Leprince C, Draves K E, Geahlen R L, Ledbetter J A, Clark E A
Department of Microbiology, University of Washington, Seattle 98195.
Proc Natl Acad Sci U S A. 1993 Apr 15;90(8):3236-40. doi: 10.1073/pnas.90.8.3236.

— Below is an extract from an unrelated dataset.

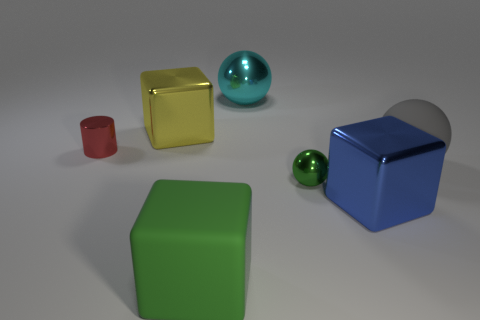Is there a sense of harmony or balance in how the objects are arranged? Yes, the arrangement of objects of varying sizes, colors, and finishes seems to suggest a deliberate attempt at visual balance, creating an aesthetically pleasing composition.

The B-cell surface molecule CD22, when cross-linked, modulates signaling through the surface IgM (sIgM)-B-cell receptor (BCR) complex. Here we analyzed the basis of this interaction between CD22 and the human sIgM complex. After lysis of B cells or B-cell lines in digitonin, CD22 coimmunoprecipitated a kinase activity that in vitro-phosphorylated two polypeptides of 150 and 130 kDa on tyrosine residues. By immunoblot analysis with a rabbit anti-serum specific for a synthetic peptide of CD22, we found these proteins to be CD22 itself. Furthermore, the phosphorylated 150-kDa CD22 was found in the sIgM-BCR complex maintained by digitonin, along with Ig alpha/mb-1, Ig beta/B29, and a 75-kDa polypeptide precipitated by an antiserum specific to protein-tyrosine kinase PTK72. CD22 is likely to be an important signaling partner in the sIgM-BCR complex since it is very rapidly and strikingly phosphorylated after sIgM is cross-linked and since it contains the antigen recognition homology I (ARHI) motif, present in other antigen receptor molecules.
B细胞表面分子CD22在交联后,可调节通过表面IgM(sIgM)-B细胞受体(BCR)复合物的信号传导。在此,我们分析了CD22与人sIgM复合物之间这种相互作用的基础。在用洋地黄皂苷裂解B细胞或B细胞系后,CD22通过免疫共沉淀得到一种激酶活性,该活性在体外可使两条分别为150 kDa和130 kDa的多肽在酪氨酸残基上发生磷酸化。通过用针对CD22合成肽的兔抗血清进行免疫印迹分析,我们发现这些蛋白就是CD22本身。此外,在由洋地黄皂苷维持的sIgM-BCR复合物中发现了磷酸化的150 kDa CD22,同时还有Igα/mb-1、Igβ/B29以及由针对蛋白酪氨酸激酶PTK72的抗血清沉淀出的一条75 kDa多肽。CD22可能是sIgM-BCR复合物中一个重要的信号传导伙伴,因为在sIgM交联后它会非常迅速且显著地发生磷酸化,并且它含有存在于其他抗原受体分子中的抗原识别同源性I(ARHI)基序。